Modifying Oddmuse
Oddmuse is a wiki script written in perl. It is based on the Usemod wiki script, but can produce valid xhtml. Oddmuse does not need a database, page data is stored in text files.
To get a wiki running on a Web server that runs Apache (1.2 upwards) and that can run perl cgi scripts, you just need to
- specify the path to the data folder
- set the configuration variables to reflect how you want the wiki to work
- upload the script to the cgi-bin of your Web server
- create the data folder and set permissions appropriately (755 for the script and 777 for the data folder).
There are specific instructions for Windows XP, Mac OS X and a Gnu/Linux system. There is also some information on the configuration settings.
Oddmuse offers some ‘advanced’ facilities including,
- File upload, you create a page to hold the file, and then edit that page. In the editor box, the phrase ‘replace this text with a file’ appears. Follow that link and browse for your file and click the upload button. The page now contains only a link to the file. Any text has been overwritten by the file link
- Rollback, if the wiki is set so that anyone can edit the pages, then if the user sets a user name, then that user can roll back a page to a previous version – that results in later versions being lost
- Allow any visitor to edit
- Allow only some people to upload files and ‘roll back’ pages to earlier states
- Forget about users once the browser has been closed – the wiki will be used on shared computers during an event
Rollback
Unfortunately, any visitor who sets a ‘username’ by typing their username into the box on the editing page can then rollback the history of pages. The implicated code is on line 1917 in the subDoHistory function.my $rollback = UserCanEdit($id, 0) &&
(GetParam('username', '') or UserIsEditor());The logic is as follows: Rollback if users can edit AND (user has set a user name OR user is the editor)
I changed the logic to
my $rollback = UserCanEdit($id, 0) && UserIsAdmin();or, in English, Rollback if users can edit AND user is an admin. That will stop users accidentally rolling back a full page to the first edit. Those with the admin password can roll pages back in the case of a complete foo-bar due to layout codes or the ‘she who saves last wins’ issue.
Cookie expiry
Oddmuse sets a cookie, and the default script has a cookie expiry set to 2 years after last use. If someone typed the admin password on a Web browser in a drop-in IT room, that machine would have all rights until the cookies were next deleted.
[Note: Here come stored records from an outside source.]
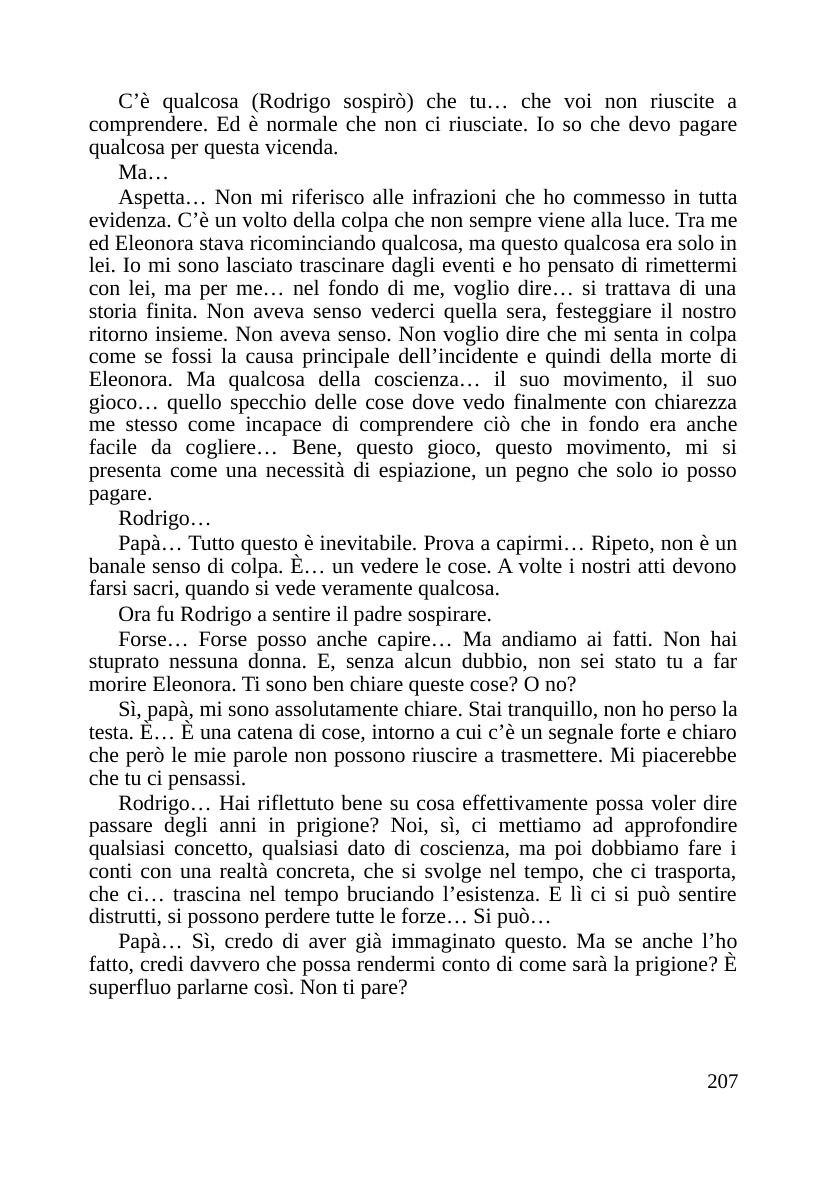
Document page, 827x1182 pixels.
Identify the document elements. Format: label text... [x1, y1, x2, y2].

text Ora fu Rodrigo a sentire il padre sospirare. [88, 601, 738, 626]
text Rodrigo… [88, 505, 738, 530]
text Aspetta… Non mi riferisco alle infrazioni che ho commesso in tutta evidenza. C’è un volto della colpa che non sempre viene alla luce. Tra me ed Eleonora stava ricominciando qualcosa, ma questo qualcosa era solo in lei. Io mi sono lasciato trascinare dagli eventi e ho pensato di rimettermi con lei, ma per me… nel fondo di me, voglio dire… si trattava di una storia finita. Non aveva senso vederci quella sera, festeggiare il nostro ritorno insieme. Non aveva senso. Non voglio dire che mi senta in colpa come se fossi la causa principale dell’incidente e quindi della morte di Eleonora. Ma qualcosa della coscienza… il suo movimento, il suo gioco… quello specchio delle cose dove vedo finalmente con chiarezza me stesso come incapace di comprendere ciò che in fondo era anche facile da cogliere… Bene, questo gioco, questo movimento, mi si presenta come una necessità di espiazione, un pegno che solo io posso pagare. [88, 184, 738, 505]
text C’è qualcosa (Rodrigo sospirò) che tu… che voi non riuscite a comprendere. Ed è normale che non ci riusciate. Io so che devo pagare qualcosa per questa vicenda. [88, 88, 738, 159]
text Papà… Tutto questo è inevitabile. Prova a capirmi… Ripeto, non è un banale senso di colpa. È… un vedere le cose. A volte i nostri atti devono farsi sacri, quando si vede veramente qualcosa. [88, 530, 738, 601]
text Rodrigo… Hai riflettuto bene su cosa effettivamente possa voler dire passare degli anni in prigione? Noi, sì, ci mettiamo ad approfondire qualsiasi concetto, qualsiasi dato di coscienza, ma poi dobbiamo fare i conti con una realtà concreta, che si svolge nel tempo, che ci trasporta, che ci… trascina nel tempo bruciando l’esistenza. E lì ci si può sentire distrutti, si possono perdere tutte le forze… Si può… [88, 790, 738, 928]
text Sì, papà, mi sono assolutamente chiare. Stai tranquillo, non ho perso la testa. È… È una catena di cose, intorno a cui c’è un segnale forte e chiaro che però le mie parole non possono riuscire a trasmettere. Mi piacerebbe che tu ci pensassi. [88, 696, 738, 790]
text Ma… [88, 159, 738, 184]
text Forse… Forse posso anche capire… Ma andiamo ai fatti. Non hai stuprato nessuna donna. E, senza alcun dubbio, non sei stato tu a far morire Eleonora. Ti sono ben chiare queste cose? O no? [88, 626, 738, 696]
text Papà… Sì, credo di aver già immaginato questo. Ma se anche l’ho fatto, credi davvero che possa rendermi conto di come sarà la prigione? È superfluo parlarne così. Non ti pare? [88, 928, 738, 999]

The code is on line 2205 in the subCookie function…sub Cookie {
my ($changed, $visible, %params) = CookieData();
# params are URL encoded
if ($changed) {
my $cookie = join(UrlEncode($FS), %params);
# no CTL in field values
my $result = $q->cookie(-name=>$CookieName,
-value=>$cookie,
-expires=>'+2y');
$Message .= $q->p(T('Cookie: ') . $CookieName . ', '
. join(', ', map {$_ . '=' . $params{$_}}
keys(%params))) if $visible;
return $result;
}
return '';
}I changed line 2205 to read
-expires=>'';
i.e. I set no expiry so the cookie will expire after the current session, when the user quits the browser. Some Web pages about cookies suggest setting a cookie expiry in the past. In that case, MS Internet Explorer expires the cookie as soon as the cookie is created. I must admit that behavior does strike me as more logical than the Netscape response of expiring the cookie after the browser closes.
Oddmuse is written in a well structured way and I was able to work out which functions contained the code I needed to change. I could also be confident that changing the subDoHistory function would not change (say) the alignment of lists, or the handling of images. I was able to customise this lightweight server application for my needs in about an hour.